One thing you can say for Trump is that he’s cooperating in creating a nice contrast to the Democrats. For example, he’s on the wrong side of the student debt issue:

As student debt continues to climb, President Donald Trump on Monday released a budget for 2021 that would slash many of the programs aimed at helping borrowers.

Student loan spending would be cut by $170 billion in Trump’s plan, titled “A Budget for America’s Future.” The reductions include “sensible annual and lifetime loan limits” for graduate students and parents and the end to subsidized loans, in which the government covers the interest for borrowers who are still in school or experiencing economic hardship.

It would also reduce the number of repayment options for borrowers and nix the popular, if challenged, public service loan forgiveness program.

Then there’s the social safety net:

Warnings that Trump has Social Security and Medicare in his crosshairs intensified last month when the president told CNBC in an interview at Davos that he is “going to look” at slashing Medicare and Social Security should he win reelection in 2020.

After 2020 Democrats and others seized upon Trump’s comments as further evidence that his 2016 campaign vow to protect Social Security and Medicare was a lie, the president has since claimed he is attempting to “save” the programs.

“We will not be touching your Social Security or Medicare in Fiscal 2021 Budget,” Trump tweeted Saturday. “Only the Democrats will destroy them by destroying our Country’s greatest ever Economy!”

But, of course, the president’s budget backs up his original statement in Davos.

Just two days after vowing the White House “will not be touching your Social Security or Medicare” in its budget proposal for fiscal year 2021, President Donald Trump on Monday is expected to unveil a $4.8 trillion blueprint that includes hundreds of billions in combined cuts to those programs over the next decade, deep reductions in safety-net spending, and a major increase in Pentagon funding.
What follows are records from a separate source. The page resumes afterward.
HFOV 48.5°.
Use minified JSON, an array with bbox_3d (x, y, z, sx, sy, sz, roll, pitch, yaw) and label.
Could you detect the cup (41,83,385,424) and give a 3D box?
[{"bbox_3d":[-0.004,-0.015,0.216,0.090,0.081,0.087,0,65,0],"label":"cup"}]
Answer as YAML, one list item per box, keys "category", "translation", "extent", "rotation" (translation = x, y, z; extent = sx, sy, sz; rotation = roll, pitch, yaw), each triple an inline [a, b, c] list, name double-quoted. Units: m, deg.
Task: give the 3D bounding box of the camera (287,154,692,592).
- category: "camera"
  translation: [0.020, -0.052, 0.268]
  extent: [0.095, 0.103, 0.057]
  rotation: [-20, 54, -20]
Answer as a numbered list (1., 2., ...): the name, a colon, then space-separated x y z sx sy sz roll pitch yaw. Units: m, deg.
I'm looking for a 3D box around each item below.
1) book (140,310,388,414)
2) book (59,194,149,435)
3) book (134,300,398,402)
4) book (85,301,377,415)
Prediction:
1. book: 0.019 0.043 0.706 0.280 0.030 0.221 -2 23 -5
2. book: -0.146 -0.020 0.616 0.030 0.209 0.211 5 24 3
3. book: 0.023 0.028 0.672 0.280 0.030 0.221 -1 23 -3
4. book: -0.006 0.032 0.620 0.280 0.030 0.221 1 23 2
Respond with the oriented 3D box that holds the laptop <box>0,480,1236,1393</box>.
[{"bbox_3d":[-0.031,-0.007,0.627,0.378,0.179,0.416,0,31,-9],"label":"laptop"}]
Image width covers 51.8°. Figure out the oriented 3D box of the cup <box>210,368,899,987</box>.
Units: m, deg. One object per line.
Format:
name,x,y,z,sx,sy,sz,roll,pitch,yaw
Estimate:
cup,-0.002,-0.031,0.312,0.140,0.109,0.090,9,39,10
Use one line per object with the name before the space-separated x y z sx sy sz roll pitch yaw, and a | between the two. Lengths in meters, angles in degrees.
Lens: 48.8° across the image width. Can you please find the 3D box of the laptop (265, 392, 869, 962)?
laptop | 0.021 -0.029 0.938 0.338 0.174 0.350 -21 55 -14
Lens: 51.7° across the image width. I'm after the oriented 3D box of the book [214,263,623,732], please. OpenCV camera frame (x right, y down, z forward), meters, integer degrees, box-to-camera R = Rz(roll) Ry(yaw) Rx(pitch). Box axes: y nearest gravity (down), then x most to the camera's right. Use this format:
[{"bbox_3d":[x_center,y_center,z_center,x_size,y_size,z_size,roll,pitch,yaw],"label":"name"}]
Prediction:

Now, it would be wrong to suppose that Democrats or the youth vote are pro-drug dealer, but they’re definitely anti-drug war. They’re definitely moving toward the decriminalization if not outright legalization of marijuana. So, I’m not sure Trump is making the right move with this:

Just days after his Super Bowl ad and State of the Union speech highlighted his support for legislation that makes a modest effort to reduce prison sentences at the federal level, Trump on Monday said the best way to further reduce the quantity of fentanyl in the US is to follow China’s lead.

“States with a very powerful death penalty on drug dealers don’t have a drug problem,” Trump said during a White House event with governors. “I don’t know that our country is ready for that, but if you look throughout the world, the countries with a powerful death penalty — death penalty — with a fair but quick trial, they have very little if any drug problem. That includes China.”

It seems like a toothless effort to sound like he cares about the opioid epidemic, which would be nice if it were true. Of course, it is not true, but he does talk about the issue a lot more than the Democrats do. I’m just not sure he’ll get that much mileage out of his idea to turn America into Rodrigo Duterte’s Philippines.

Whether the idea is to win over old or young voters, Trump seems to be shooting himself in the feet with these moves. I guess we can thank him for that.